Banyak dari pasien stroke ketika kembali ke rumah tidak dapat melanjutkan kehidupan aktif
dan pekerjaannya.[57] Ini merupakan sebuah kerugian yang sangat besar untuk pasien, yang
sering memandang hal tersebut sebagai penanda penting dari pemulihan dan akan merasa
mengalami kehilangan yang sangat besar.[58,59] Selain itu juga hal ini membutuhkan biaya
yang besar: diperkirakan $65 miliar dibutuhkan setiap tahunnya untuk pembiayaan stroke di
USA, sepertiganya merupakan biaya tidak langsung dengan kehilangan produktifitas.[60] di
Uni Eropa, biaya tidak langsung untuk stroke serupa dengan 31% dari 27 miliar euro biaya
tahunan stroke. Disamping biaya yang tinggi dan dampak pada pribadi, sesuai dengan
penelitian yang dilakukan bahwa pasien stroke juga merasa sedikitnya perhatian mengenai
kelelahan, pekerjaan, dan fungsional.[61] Pasien stroke juga merasakan kerugian yang
signifikan pada kemampuan diri setelah stroke, serta dukungan untuk mandiri selama dan
setelah rehabilitasi.[62]
Kesimpulan
9
Stroke seperti yang sudah kita diskusikan, merupakan kondisi lazim yang
berhubungan dengan tingginya angka disabilitas, morbiditas, dan kematian pada orang
dewasa. Defisit neurlogis yang jelas terdapat pada pasien stroke adalah afasia, kehilangan
koordinasi atau fungsi pada anggota tubuh, keterbatasan dalam aktifitas sehari-sehari, selain
itu pada beberapa pasien stroke juga akan mengeluhkan nyeri kronik. [54] Selain akan
menyebabkan depresi, nyeri kronik merupakan salah satu dari komplikasi stroke yang akan
mempengaruhi kualitas hidup pasien. Diagnosis awal pada pasien dengan nyeri post stroke
merupakan hal yang sangat menantang. Nyeri muskuloskeletal mungkin tidak dikenali oleh
dokter atau pasien. Kualitas nyeri dan penyebaran nyeri yang dirasakan akan berbeda pada
setiap pasien, dan pada beberapa pasien biasanya memiliki lebih dari satu tipe nyeri. [22]
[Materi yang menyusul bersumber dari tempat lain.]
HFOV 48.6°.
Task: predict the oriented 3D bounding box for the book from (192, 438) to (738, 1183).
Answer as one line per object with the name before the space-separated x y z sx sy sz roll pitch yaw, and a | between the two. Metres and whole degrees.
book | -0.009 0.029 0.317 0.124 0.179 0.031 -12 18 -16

Hasil diagnosis tertinggi yang dapat dilakukan adalah penegakan diagnosis secara hati-hati
mengenai keluhan nyeri pasien, pemeriksaan respon sensorik, dan korelasinya dengan
gambaran radiologi.[1] Hal ini dilakukan untuk mengetahui penyebab nyeri dan penyebab
yang lain, namun tidak semua CPSP sesuai dengan stroke thalamus.[22]
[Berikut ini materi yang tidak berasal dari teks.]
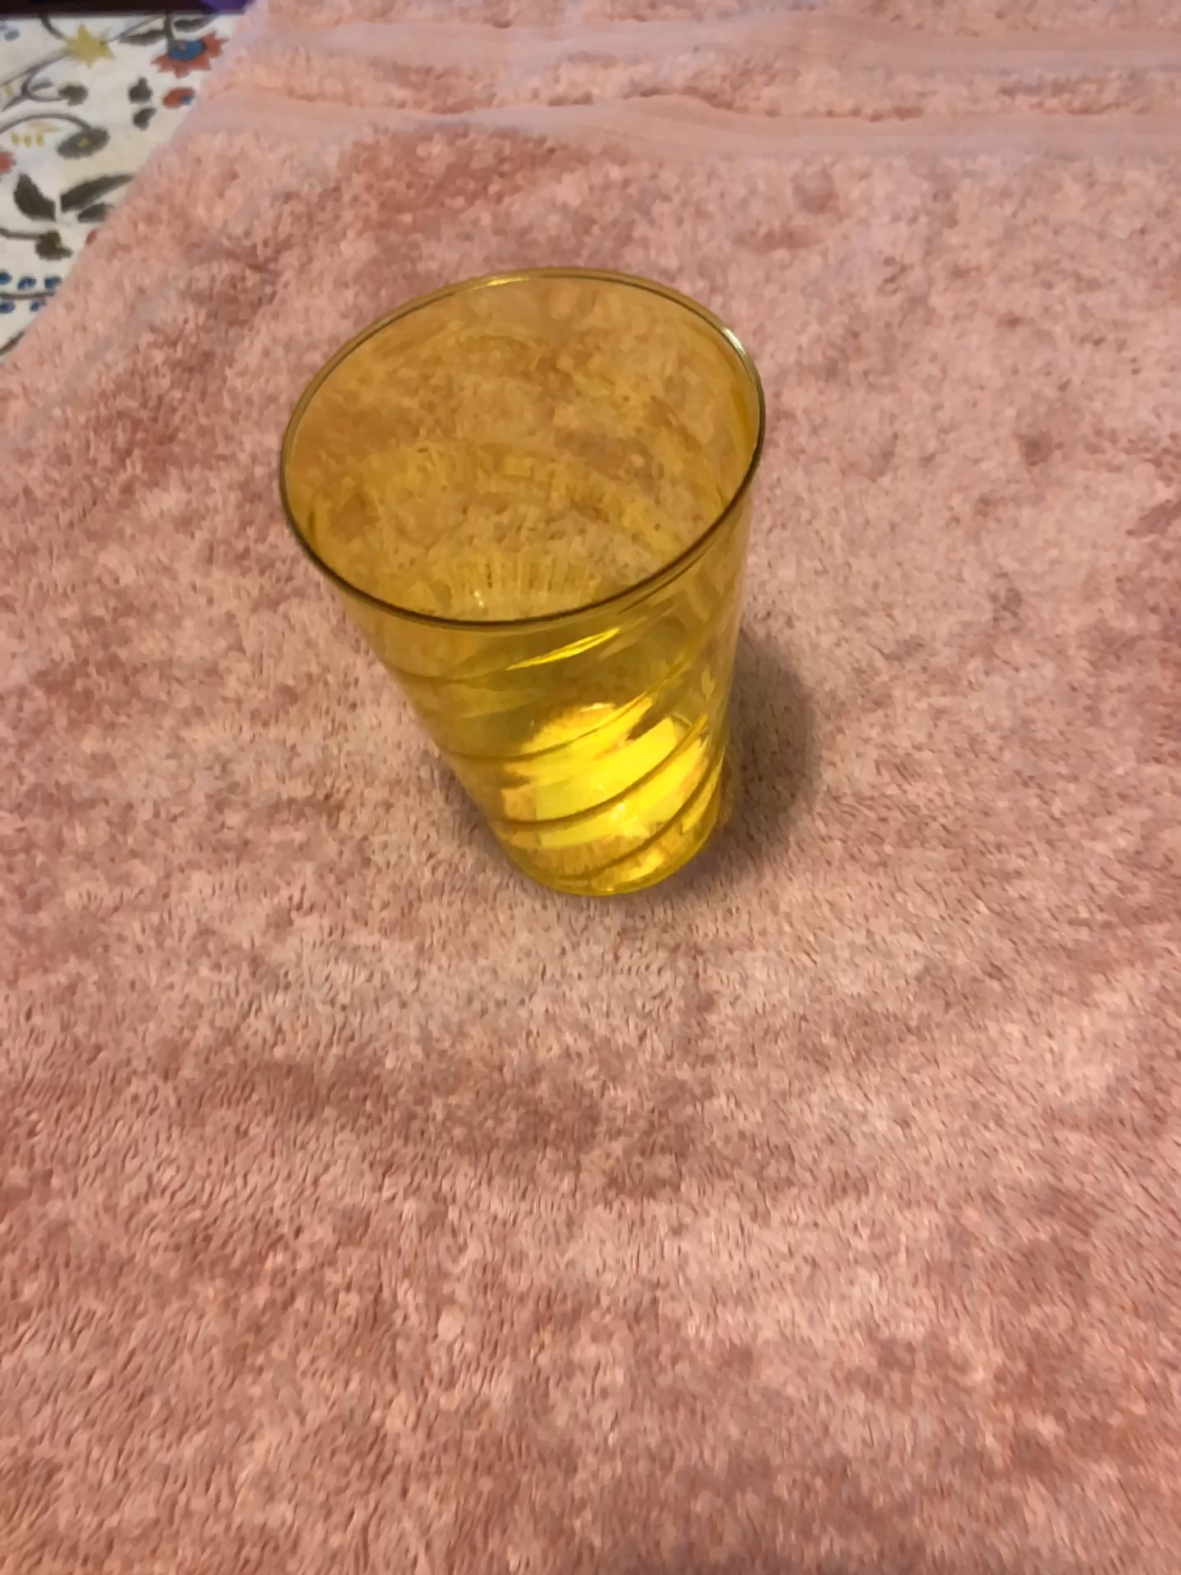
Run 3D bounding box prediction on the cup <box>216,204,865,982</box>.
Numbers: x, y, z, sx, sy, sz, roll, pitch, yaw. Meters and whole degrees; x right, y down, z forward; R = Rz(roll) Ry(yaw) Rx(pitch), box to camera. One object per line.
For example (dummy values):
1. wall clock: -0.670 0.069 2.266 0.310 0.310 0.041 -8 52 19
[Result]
1. cup: -0.001 -0.032 0.265 0.080 0.119 0.080 -2 59 4

Dengan besarnya jumlah pasien stroke yang memiliki nyeri post stroke, gejala nyeri
harus selalu ditanyakan oleh dokter. Faktor resiko nyeri pada pasien post stroke masih belum
dipahami sepenuhnya, meskipun muncul dan berhubungan dengan paresis dan perubahan
sensorik, serta depresi sebagai gejala penyerta. [63] Saat ini masih belum diketahui bahwa
CPSP dapat menyebabkan mekanisme atau faktor resiko dengan kondisi nyeri yang lain
sesuai dengan sensitisasi sentral. Manfaat klinis dari penggunaan antikonvulsan pada kedua
jenis nyeri menunjukkan bahwa terdapat beberapa patofisiologi yang biasa terjadi, bahwa
kemungkinan terjadi peningkatan sensitisasi dan eksitabilitas pada jalur saraf nosiseptif. Jika
hipotesis ini benar maka memungkinan untuk mengidentifikasi lebih awal pasien yang
memiliki peningkatan resiko menjadi nyeri post stroke, dan untuk melakukan pencegahan
lebih awal.[29]
Tidak adanya baku emas untuk kriteria diagnosis atau terapi untuk nyeri kronik post
stroke, maka digunakan terapi empiris, sesuai dengan diagnosis dan respon pasien.
Diperkirakan terdapat 795.000 orang setiap tahunnya di USA yang mengalami stroke, baik
pertama kali atau relaps, maka ini merupakan kondisi nyeri yang signifikan.[64] Penting
untuk diingat bahwa pada pasien nyeri post stroke dapat berefek simultan dengan keluhan
lain, termasuk kelelahan, abnormalitas motorik dan sensorik, labilitas emosional, hubungan
yang tidak erat, disabilitas, dan depresi. [65] Beberapa masalah ini dapat berespon dengan
terapi; tantangannya adalah membuatnya komprehensif. Masih dibutuhkan penelitian untuk
meneliti menangani komplikasi pada pasien stroke.